Be a Chebyshev system . Then the proximum for off is uniquely determined. ${\ displaystyle f \ in C [a, b], U \ subset C [a, b]}$ ${\ displaystyle f}$ ${\ displaystyle U}$

Let be a finite-dimensional subspace of . If the proximum of each is clearly determined, then there is a Chebyshev system . ${\ displaystyle U}$ ${\ displaystyle C [a, b]}$ ${\ displaystyle f \ in C [a, b]}$ ${\ displaystyle U}$ ${\ displaystyle U}$

Alternant criterion in Chebyshev systems

Be a -dimensional Chebyshev system . is a proximum for out if and only if there are places with such that ${\ displaystyle f \ in C [a, b], U \ subset C [a, b]}$ ${\ displaystyle n}$ ${\ displaystyle u_ {0} \ in U}$ ${\ displaystyle f}$ ${\ displaystyle U}$ ${\ displaystyle n + 1}$ ${\ displaystyle x_ {i}}$ ${\ displaystyle a \ leq x_ {0} <x_ {1} <\ cdots <x_ {n} \ leq b}$

${\ displaystyle | f (x_ {i}) - u_ {0} (x_ {i}) | = \ max _ {x \ in [a, \, b]} | f (x) -u_ {0} ( x) |}$ , (Extreme point) ${\ displaystyle i = 0, \ ldots, n}$
${\ displaystyle \ operatorname {sign} \ left (f (x_ {i-1}) - u_ {0} (x_ {i-1}) \ right) = - \ operatorname {sign} (f (x_ {i} ) -u_ {0} (x_ {i}))}$ , (alternating) ${\ displaystyle i = 1, \ ldots, n}$

This follows from the Kolmogorow criterion from approximation theory . The Remez algorithm for the numerical determination of the proximum in Chebyshev systems is based on this criterion .
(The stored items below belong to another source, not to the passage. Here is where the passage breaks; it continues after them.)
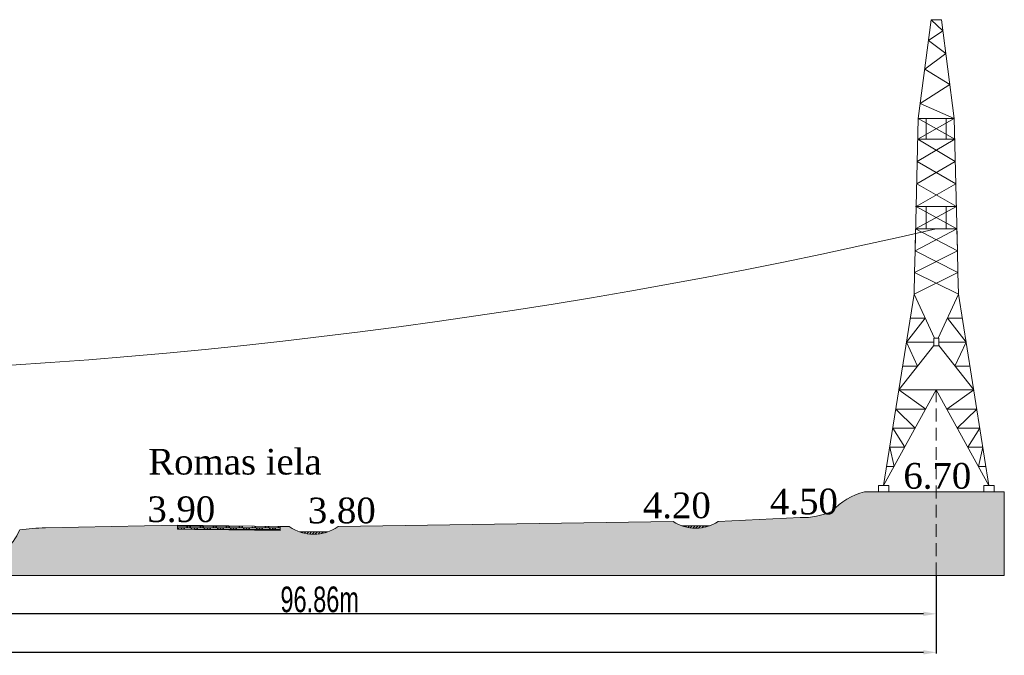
# Model space of a CAD drawing. Header units: metres. Extents: x 479801 to 960259, y 275948 to 557431.
# Tile 43 of 48: x 482843 to 483610, y 276830 to 277326. Entities that reach past the tile are written whole.
import ezdxf

# ---------------------------------------------------------------- set-up
doc = ezdxf.new("R2010")
doc.units = ezdxf.units.M
doc.linetypes.add('( Dashed )', pattern=[0.75, 0.5, -0.25])
doc.linetypes.add('ADTI_0', pattern=[2, 1, 1])
doc.layers.get('0').update_dxf_attribs({"linetype": 'ADTI_0', "lineweight": 9})
doc.layers.get('Defpoints').update_dxf_attribs({"lineweight": 9})
doc.styles.get("Standard").update_dxf_attribs({"font": 'wromlats.shx'})
doc.styles.add('STANDART', font='ARIALN.TTF', dxfattribs={"width": 0.8})
doc.dimstyles.new('CD-MARIS', dxfattribs={"dimscale": 0, "dimtxt": 2.5, "dimasz": 1.85, "dimexe": 1, "dimexo": 0.7, "dimgap": 0.6, "dimtad": 1, "dimzin": 0, "dimdsep": 46, "dimtxsty": 'STANDART', "dimcen": 5, "dimclrt": 172, "dimadec": 0, "dimazin": 0, "dimtfac": 1, "dimtmove": 1, "dimatfit": 2, "dimfxl": 1, "dimtolj": 1, "dimtzin": 0, "dimarcsym": 0})

# ---------------------------------------------------------------- blocks, each defined once
blk = doc.blocks.new('*D11990')
at = {"color": 18, "linetype": 'ByBlock', "lineweight": -2, "true_color": 0x000000}
for p, q in [((481629.29, 276892.04), (481629.29, 276831.74)), ((483557.29, 276892.04), (483557.29, 276831.74)), ((483547.29, 276832.74), (481639.29, 276832.74))]:
    blk.add_line(p, q, dxfattribs=at)
at = {"color": 18, "true_color": 0x000000}
for points in [[(481639.29, 276834.41), (481639.29, 276831.07), (481629.29, 276832.74)], [(483547.29, 276831.07), (483547.29, 276834.41), (483557.29, 276832.74)]]:
    blk.add_solid(points, dxfattribs=at)
at = {"layer": 'Defpoints', "color": 0}
for p in [(481629.29, 276892.74), (483557.29, 276892.74), (481629.29, 276832.74)]:
    blk.add_point(p, dxfattribs=at)
at = {"color": 18, "insert": (482593.29, 276843.55), "char_height": 20, "attachment_point": 5, "style": 'STANDART'}
blk.add_mtext('\\A1;{\\C18;\\c0;192.80m}', dxfattribs=at)
blk = doc.blocks.new('*D11993')
at = {"color": 18, "linetype": 'ByBlock', "lineweight": -2, "true_color": 0x000000}
for p, q in [((482588.69, 276892.04), (482588.69, 276861.74)), ((483557.29, 276892.04), (483557.29, 276861.74)), ((483547.29, 276862.74), (482598.69, 276862.74))]:
    blk.add_line(p, q, dxfattribs=at)
at = {"color": 18, "true_color": 0x000000}
for points in [[(482598.69, 276864.41), (482598.69, 276861.07), (482588.69, 276862.74)], [(483547.29, 276861.07), (483547.29, 276864.41), (483557.29, 276862.74)]]:
    blk.add_solid(points, dxfattribs=at)
at = {"layer": 'Defpoints', "color": 0}
for p in [(482588.69, 276892.74), (483557.29, 276892.74), (482588.69, 276862.74)]:
    blk.add_point(p, dxfattribs=at)
at = {"color": 18, "insert": (483076.98, 276873.89), "char_height": 20, "attachment_point": 5, "style": 'STANDART'}
blk.add_mtext('\\A1;{\\C18;\\c0;96.86m}', dxfattribs=at)

msp = doc.modelspace()

# ---------------------------------------------------------------- hatches: boundary and pattern name
at = {"true_color": 0x000000}
h = msp.add_hatch(dxfattribs=at)
h.set_pattern_fill('EARTH', color=18, scale=2, angle=45, style=0)
h.paths.add_polyline_path([(482774.70649, 276915.73894), (482776.24426, 276914.10972), (482777.89239, 276912.61772), (482779.36081, 276911.41531), (482781.511, 276909.84349), (482783.83768, 276908.36522), (482788.22852, 276906.11575), (482791.39703, 276904.8755), (482794.05749, 276904.05646), (482795.75752, 276903.6331), (482798.28805, 276903.14127), (482801.07186, 276902.78533), (482803.1942, 276902.64122), (482806.70044, 276902.64122), (482808.7697, 276902.7804), (482811.34112, 276903.09905), (482814.14423, 276903.63471), (482816.20938, 276904.15939), (482819.47234, 276905.22536), (482821.66612, 276906.11575), (482824.0551, 276907.25775), (482826.57677, 276908.6769), (482828.46888, 276909.90186), (482831.44765, 276912.15036), (482834.69805, 276915.14657), (482836.33289, 276916.92342), (482837.9561, 276918.91507), (482839.27307, 276920.73716), (482840.32317, 276922.3555), (482841.29018, 276924.00847), (482842.04837, 276925.44103), (482842.84261, 276927.10612), (482843.29069, 276928.13894), (482844.47628, 276928.30104), (482847.04579, 276928.62296), (482850.16218, 276928.95973), (482852.33224, 276929.15965), (482853.99452, 276929.29366), (482855.69893, 276929.41389), (482860.93814, 276929.6749), (482961.71346, 276931.65006), (482966.29069, 276931.73894), (482966.29069, 276928.73894), (483046.29069, 276927.73894), (483046.29069, 276930.73894), (483053.29069, 276930.73894), (483055.42271, 276929.36216), (483056.93379, 276928.51916), (483058.18963, 276927.89458), (483059.02131, 276927.51665), (483060.11673, 276927.06026), (483061.44539, 276926.56709), (483062.90144, 276926.09927), (483063.99034, 276925.79711), (483065.64683, 276925.41292), (483066.92085, 276925.17765), (483068.57454, 276924.94832), (483070.00833, 276924.81776), (483072.29069, 276924.73894), (483073.83953, 276924.77522), (483075.06735, 276924.85567), (483076.70718, 276925.03506), (483078.515, 276925.32974), (483080.14188, 276925.68405), (483081.74455, 276926.11847), (483082.95179, 276926.50378), (483084.18416, 276926.95073), (483085.58386, 276927.52709), (483086.69813, 276928.04086), (483087.95887, 276928.68441), (483089.02102, 276929.28102), (483090.32538, 276930.08679), (483091.29069, 276930.73894), (483352.29069, 276934.73894), (483353.09652, 276934.21907), (483354.1325, 276933.60002), (483355.25127, 276932.98988), (483356.43193, 276932.40755), (483358.36348, 276931.58171), (483359.35275, 276931.2161), (483360.29718, 276930.90155), (483361.15813, 276930.64325), (483362.42771, 276930.31038), (483363.16653, 276930.14237), (483364.19075, 276929.94003), (483365.51712, 276929.7298), (483366.83078, 276929.57813), (483368.01704, 276929.48885), (483369.88281, 276929.44219), (483370.32588, 276929.44348), (483371.29551, 276929.47486), (483372.03292, 276929.51874), (483372.66412, 276929.5701), (483373.46113, 276929.65323), (483374.06549, 276929.72996), (483374.76639, 276929.83387), (483375.38251, 276929.93857), (483376.26201, 276930.10993), (483377.0891, 276930.29495), (483377.95893, 276930.51495), (483378.76273, 276930.74191), (483379.62857, 276931.01242), (483380.40396, 276931.27817), (483381.26171, 276931.59878), (483381.99487, 276931.89567), (483382.92736, 276932.30477), (483383.60803, 276932.62648), (483384.37432, 276933.01289), (483385.03404, 276933.36692), (483385.88964, 276933.85683), (483386.57922, 276934.27816), (483387.09247, 276934.60783), (483387.29069, 276934.73894), (483436.4806, 276937.04472), (483448.88114, 276937.62599), (483457.0041, 276937.84531), (483459.71663, 276938.10121), (483464.0793, 276938.79588), (483468.18441, 276939.7793), (483472.21383, 276941.07313), (483476.29069, 276942.73894), (483478.06099, 276944.59534), (483480.45537, 276946.83054), (483483.01157, 276948.92136), (483487.00134, 276951.6772), (483490.47764, 276953.65124), (483494.19958, 276955.38449), (483497.42291, 276956.60031), (483501.29069, 276957.73894), (483610.29069, 276957.73894), (483610.29069, 276892.73894), (481576.29069, 276892.73894), (481576.29069, 276935.73894), (481706.29069, 276935.73894), (481712.45907, 276932.35376), (481715.23095, 276930.48608), (481718.78775, 276927.71572), (481721.98183, 276924.80423), (481725.35028, 276921.1918), (481728.79069, 276916.73894), (481731.99097, 276914.05906), (481734.97395, 276912.11136), (481739.17371, 276910.0715), (481742.05886, 276909.0714), (481745.46432, 276908.26271), (481751.28069, 276907.73894), (481937.29069, 276907.73894), (481942.38688, 276907.21989), (481947.29069, 276905.73894), (481949.48132, 276905.25664), (481953.74192, 276904.38983), (481957.10819, 276903.77085), (481960.18801, 276903.25499), (481964.68759, 276902.5872), (481967.97975, 276902.1627), (481973.28684, 276901.59149), (481978.23407, 276901.18384), (481981.14179, 276901.00015), (481982.29069, 276900.93894), (481984.83837, 276900.31727), (481987.21898, 276899.76713), (481990.30122, 276899.09861), (481992.01809, 276898.74747), (481993.71845, 276898.41459), (481995.04827, 276898.16453), (481997.00354, 276897.81315), (481999.46866, 276897.39768), (482001.79465, 276897.03364), (482003.50416, 276896.78332), (482005.61262, 276896.49461), (482007.68942, 276896.23177), (482010.14294, 276895.9487), (482012.0499, 276895.74913), (482015.17079, 276895.46095), (482017.36926, 276895.28651), (482019.58432, 276895.13456), (482022.49079, 276894.97132), (482023.95404, 276894.90465), (482025.50068, 276894.84544), (482028.05259, 276894.77306), (482029.60298, 276894.74445), (482031.52181, 276894.72513), (482033.43958, 276894.72358), (482035.38181, 276894.74012), (482036.45093, 276894.75701), (482037.53698, 276894.77981), (482039.36909, 276894.8312), (482041.56302, 276894.91411), (482043.2978, 276894.99617), (482045.20822, 276895.10342), (482047.31622, 276895.24233), (482049.20729, 276895.38535), (482051.21366, 276895.55616), (482053.29046, 276895.75369), (482055.67078, 276896.0061), (482057.45709, 276896.21383), (482059.60975, 276896.48509), (482061.48878, 276896.74063), (482063.51655, 276897.03611), (482064.89339, 276897.24844), (482067.30359, 276897.64302), (482069.07576, 276897.95182), (482071.1017, 276898.32431), (482073.11594, 276898.71537), (482076.12233, 276899.33773), (482078.07578, 276899.76713), (482080.70344, 276900.37606), (482082.27315, 276900.75709), (482084.20561, 276901.24404), (482085.70776, 276901.63626), (482088.29069, 276902.33894), (482091.76234, 276903.83091), (482094.25186, 276904.8679), (482096.63921, 276905.83684), (482098.29469, 276906.49424), (482100.28706, 276907.26981), (482101.95509, 276907.90611), (482103.82872, 276908.60681), (482105.80846, 276909.33118), (482107.44086, 276909.91618), (482109.49674, 276910.63726), (482110.60508, 276911.0188), (482113.21132, 276911.89622), (482114.9974, 276912.48163), (482116.23796, 276912.88068), (482118.61231, 276913.62728), (482120.18784, 276914.11031), (482122.26027, 276914.73077), (482123.8994, 276915.20955), (482125.75716, 276915.73894)])
h = msp.add_hatch(dxfattribs=at)
h.set_pattern_fill('ASPHALT', color=18, scale=0.4, style=0)
h.paths.add_polyline_path([(483046.29069, 276927.8194), (482966.29069, 276928.73894), (482966.29069, 276931.73894), (483046.29069, 276930.73894)])
h = msp.add_hatch()
h.set_pattern_fill('ANSI31', color=5, scale=0.5, style=0)
h.paths.add_polyline_path([(483083.40204, 276926.66068), (483061.17934, 276926.66068, 0.172953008)])
h = msp.add_hatch()
h.set_pattern_fill('ANSI31', color=5, scale=0.5, style=0)
h.paths.add_polyline_path([(483380.58001, 276931.34167), (483359.00137, 276931.34167, 0.176352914)])

# ---------------------------------------------------------------- linework, layer by layer
at = {"color": 18, "true_color": 0x000000}
for p, q in [((483549.45938, 277248.73894), (483549.45938, 277232.73894)), ((483565.122, 277248.73894), (483565.122, 277232.73894)), ((483549.45938, 277180.23894), (483549.45938, 277162.73894)), ((483565.122, 277180.23894), (483565.122, 277162.73894)), ((483501.29069, 276957.73894), (483610.29069, 276957.73894)), ((483091.29069, 276930.73894), (483352.29069, 276934.73894)), ((483387.29069, 276934.73894), (483451.29069, 276937.73894)), ((482863.29069, 276929.73894), (482966.29069, 276931.73894)), ((482966.29069, 276931.73894), (483046.29069, 276930.73894)), ((482966.29069, 276931.73894), (482966.29069, 276928.73894)), ((482966.29069, 276928.73894), (483046.29069, 276927.73894)), ((483046.29069, 276930.73894), (483053.29069, 276930.73894)), ((483046.29069, 276930.73894), (483046.29069, 276927.73894)), ((482843.29069, 276892.73894), (482773.29069, 276892.73894)), ((482843.29069, 276892.73894), (482966.29069, 276892.73894)), ((482843.29069, 276892.73894), (482853.29069, 276892.73894)), ((482853.29069, 276892.73894), (482863.29069, 276892.73894)), ((482966.29069, 276892.73894), (483046.29069, 276892.73894)), ((483046.29069, 276892.73894), (483053.29069, 276892.73894)), ((483053.29069, 276892.73894), (483091.29069, 276892.73894)), ((483091.29069, 276892.73894), (483352.29069, 276892.73894)), ((483352.29069, 276892.73894), (483387.29069, 276892.73894)), ((483387.29069, 276892.73894), (483451.29069, 276892.73894)), ((483501.29069, 276892.73894), (483451.29069, 276892.73894)), ((483476.29069, 276892.73894), (483501.29069, 276892.73894)), ((483501.29069, 276892.73894), (483516.29069, 276892.73894)), ((483610.29069, 276892.73894), (483516.29069, 276892.73894))]:
    msp.add_line(p, q, dxfattribs=at)
at = {"color": 18, "lineweight": 0, "true_color": 0x000000}
msp.add_line((483610.29069, 276957.73894), (483610.29069, 276892.73894), dxfattribs=at)
at = {"color": 5}
for p, q in [((483061.17934, 276926.66068), (483083.40204, 276926.66068)), ((483359.00137, 276931.34167), (483380.58001, 276931.34167))]:
    msp.add_line(p, q, dxfattribs=at)
at = {"color": 18, "lineweight": 0, "ltscale": 100, "true_color": 0x000000}
for points in [[(483557.29069, 277325.73894), (483553.29069, 277325.73894), (483543.29069, 277248.73894)], [(483571.29069, 277248.73894), (483544.80695, 277260.41412), (483567.85659, 277275.18154), (483548.29069, 277287.23894), (483564.71586, 277299.36515), (483551.18138, 277309.49727), (483562.40541, 277317.15558), (483553.29069, 277325.73894)], [(483557.29069, 277325.73894), (483561.29069, 277325.73894), (483571.29069, 277248.73894)], [(483543.29069, 277248.73894), (483540.79069, 277145.73894)], [(483571.29069, 277248.73894), (483542.90234, 277232.73894)], [(483571.29069, 277248.73894), (483543.29069, 277248.73894)], [(483571.67904, 277232.73894), (483543.29069, 277248.73894)], [(483571.29069, 277248.73894), (483573.79069, 277145.73894)], [(483541.62807, 277180.23894), (483572.52855, 277197.73894), (483542.47758, 277215.23894), (483571.67904, 277232.73894)], [(483572.95331, 277180.23894), (483542.05282, 277197.73894), (483572.1038, 277215.23894), (483542.90234, 277232.73894)], [(483571.67904, 277232.73894), (483542.90234, 277232.73894)], [(483572.95331, 277180.23894), (483541.20331, 277162.73894)], [(483573.37807, 277180.23894), (483541.20331, 277180.23894)], [(483573.37807, 277162.73894), (483541.62807, 277180.23894)], [(483540.79069, 277145.73894), (483573.37807, 277162.73894)], [(483541.20331, 277162.73894), (483540.79069, 277145.73894)], [(483573.37807, 277162.73894), (483541.20331, 277162.73894)], [(483573.79069, 277145.73894), (483541.20331, 277162.73894)], [(483573.37807, 277162.73894), (483573.79069, 277145.73894)], [(483540.37807, 277128.73894), (483573.79069, 277145.73894)], [(483540.79069, 277145.73894), (483540.37807, 277128.73894)], [(483574.20331, 277128.73894), (483540.79069, 277145.73894)], [(483573.79069, 277145.73894), (483574.20331, 277128.73894)], [(483539.96545, 277111.73894), (483574.20331, 277128.73894)], [(483540.37807, 277128.73894), (483539.96545, 277111.73894)], [(483574.61593, 277111.73894), (483540.37807, 277128.73894)], [(483574.20331, 277128.73894), (483574.61593, 277111.73894)], [(483539.96545, 277111.73894), (483516.29069, 276962.73894)], [(483555.89537, 277077.48894), (483539.96545, 277111.73894)], [(483558.68601, 277077.48894), (483574.61593, 277111.73894)], [(483574.61593, 277111.73894), (483598.29069, 276962.73894)], [(483548.62807, 277093.11394), (483534.04676, 277074.48894)], [(483537.0061, 277093.11394), (483548.62807, 277093.11394)], [(483565.95331, 277093.11394), (483577.57528, 277093.11394)], [(483565.95331, 277093.11394), (483580.53462, 277074.48894)], [(483528.12807, 277037.23894), (483555.29069, 277071.9343)], [(483534.04676, 277074.48894), (483555.29069, 277074.48894)], [(483542.70938, 277055.86394), (483534.04676, 277074.48894)], [(483559.29069, 277077.48894), (483555.29069, 277077.48894)], [(483555.29069, 277077.48894), (483555.29069, 277071.48894)], [(483559.29069, 277071.48894), (483555.29069, 277071.48894)], [(483559.29069, 277077.48894), (483559.29069, 277071.48894)], [(483559.29069, 277074.48894), (483580.53462, 277074.48894)], [(483586.45331, 277037.23894), (483559.29069, 277071.9343)], [(483571.872, 277055.86394), (483580.53462, 277074.48894)], [(483531.08741, 277055.86394), (483542.70938, 277055.86394)], [(483571.872, 277055.86394), (483583.49397, 277055.86394)], [(483516.29069, 276962.73894), (483557.29069, 277037.23894)], [(483549.09069, 277022.33894), (483528.12807, 277037.23894)], [(483586.45331, 277037.23894), (483528.12807, 277037.23894)], [(483598.29069, 276962.73894), (483557.29069, 277037.23894)], [(483586.45331, 277037.23894), (483565.49069, 277022.33894)], [(483525.76059, 277022.33894), (483549.09069, 277022.33894)], [(483525.76059, 277022.33894), (483540.89069, 277007.43894)], [(483565.49069, 277022.33894), (483588.82079, 277022.33894)], [(483588.82079, 277022.33894), (483573.69069, 277007.43894)], [(483523.39312, 277007.43894), (483540.89069, 277007.43894)], [(483523.39312, 277007.43894), (483532.69069, 276992.53894)], [(483573.69069, 277007.43894), (483591.18826, 277007.43894)], [(483591.18826, 277007.43894), (483581.89069, 276992.53894)], [(483521.02564, 276992.53894), (483532.69069, 276992.53894)], [(483521.02564, 276992.53894), (483524.49069, 276977.63894)], [(483581.89069, 276992.53894), (483593.55574, 276992.53894)], [(483593.55574, 276992.53894), (483590.09069, 276977.63894)], [(483518.65816, 276977.63894), (483524.49069, 276977.63894)], [(483590.09069, 276977.63894), (483595.92321, 276977.63894)], [(483512.29069, 276962.73894), (483520.29069, 276962.73894)], [(483512.29069, 276962.73894), (483512.29069, 276957.73894)], [(483520.29069, 276962.73894), (483520.29069, 276957.73894)], [(483594.29069, 276962.73894), (483602.29069, 276962.73894)], [(483594.29069, 276962.73894), (483594.29069, 276957.73894)], [(483602.29069, 276962.73894), (483602.29069, 276957.73894)]]:
    msp.add_lwpolyline(points, dxfattribs=at)
at = {"color": 18, "linetype": '( Dashed )', "lineweight": 0, "ltscale": 20, "true_color": 0x000000}
msp.add_lwpolyline([(483557.29069, 276892.73894), (483557.29069, 277037.23894)], dxfattribs=at)
at = {"color": 18, "true_color": 0x000000}
for centre, radius, start, end in [((482543.2206, 281539.69968), 4492.897, 258.26317501, 283.04434827), ((483513.54069, 276908.98894), 50.26554, 104.10535776, 137.8221553), ((483453.10736, 276993.65561), 55.94617, 268.13918211, 294.48068284), ((483369.79069, 276960.98045), 31.54151, 236.30137718, 303.69862282), ((482804.94732, 276944.16012), 41.55589, 223.15124588, 337.32315075), ((482866.69736, 276761.35561), 168.41779, 91.159028, 97.98881452), ((483072.29069, 276957.82227), 33.08333, 234.94886325, 305.05113675)]:
    msp.add_arc(centre, radius, start, end, dxfattribs=at)

# ---------------------------------------------------------------- texts
at = {"color": 18, "true_color": 0x000000, "char_height": 20, "attachment_point": 5}
for s, insert, width in [('{\\fTimes New Roman|b0|i0|c1|p0;Romas iela}', (483010.99701, 276981.172), 188.3776581), ('{\\fTimes New Roman|b0|i0|c1|p0;6.70}', (483558.09909, 276970.07237), 30.4815133), ('{\\fTimes New Roman|b0|i0|c1|p0;4.20}', (483355.21095, 276947.07237), 30.4815133), ('{\\fTimes New Roman|b0|i0|c1|p0;4.50}', (483454.21095, 276950.07237), 30.4815133), ('{\\fTimes New Roman|b0|i0|c1|p0;3.90}', (482969.21095, 276944.07237), 30.4815133), ('{\\fTimes New Roman|b0|i0|c1|p0;3.80}', (483094.21095, 276943.07237), 30.4815133)]:
    msp.add_mtext(s, dxfattribs=dict(at, insert=insert, width=width))

# ---------------------------------------------------------------- dimensions: what is measured, and where the dimension line sits
at = {"color": 18, "linetype": 'ByBlock', "true_color": 0x000000}
for base, p2, text, picture, middle in [((481629.29069, 276832.73894), (481629.29069, 276892.73894), '{\\C18;\\c0;192.80m}', '*D11990', (482593.29069, 276832.73894)), ((482588.69069, 276862.73894), (482588.69069, 276892.73894), '{\\C18;\\c0;96.86m}', '*D11993', (483076.98011, 276863.07538))]:
    dim = msp.add_linear_dim(base=base, p1=(483557.29069, 276892.73894), p2=p2, angle=180, text=text, dimstyle='CD-MARIS', override={"dimscale": 1, "dimtxt": 20, "dimasz": 10, "dimclrt": 18}, dxfattribs=at)
    dim.commit()
    dim.dimension.update_dxf_attribs({"geometry": picture, "text_midpoint": middle, "dimtype": 161})

doc.saveas('drawing.dxf')

Proximum in the Hilbert space

If a Hilbert space and a closed convex non-empty subset, then the proximum is unique, that is, there is exactly one with for each ${\ displaystyle X}$ ${\ displaystyle Y \ subset X}$ ${\ displaystyle x \ in X}$ ${\ displaystyle p \ in Y}$

{\ displaystyle \ lVert xp \ rVert \ leq \ lVert xy \ rVert \, \, \ forall \, y \ in Y}

.

If a closed sub-vector space , the proximum is obtained as an orthogonal projection of on . ${\ displaystyle Y}$ ${\ displaystyle p}$ ${\ displaystyle x}$ ${\ displaystyle Y}$

literature

Arnold Schönhage: Approximation Theory. de Gruyter, Berlin 1971, ISBN 3-11-001982-5 ( limited preview in the Google book search).